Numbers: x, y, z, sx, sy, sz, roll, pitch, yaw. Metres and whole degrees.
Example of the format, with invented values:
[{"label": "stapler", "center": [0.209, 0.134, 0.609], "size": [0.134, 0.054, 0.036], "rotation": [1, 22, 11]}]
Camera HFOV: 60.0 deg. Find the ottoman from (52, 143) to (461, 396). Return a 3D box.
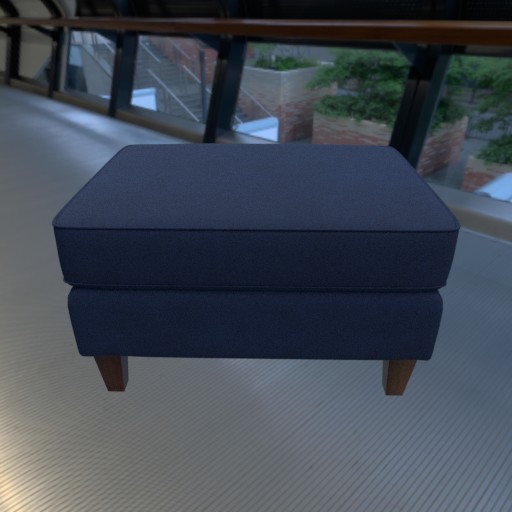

- - - - - - -

Beginning with the line containing "Example of the" and ending with the last line of the data, output those lines exactly and nothing more. Omit every picture.

### [Task answer]
Example of the format, with invented values:
[{"label": "stapler", "center": [0.209, 0.134, 0.609], "size": [0.134, 0.054, 0.036], "rotation": [1, 22, 11]}]
Camera HFOV: 60.0 deg. Find the ottoman from (52, 143) to (461, 396). Return a 3D box.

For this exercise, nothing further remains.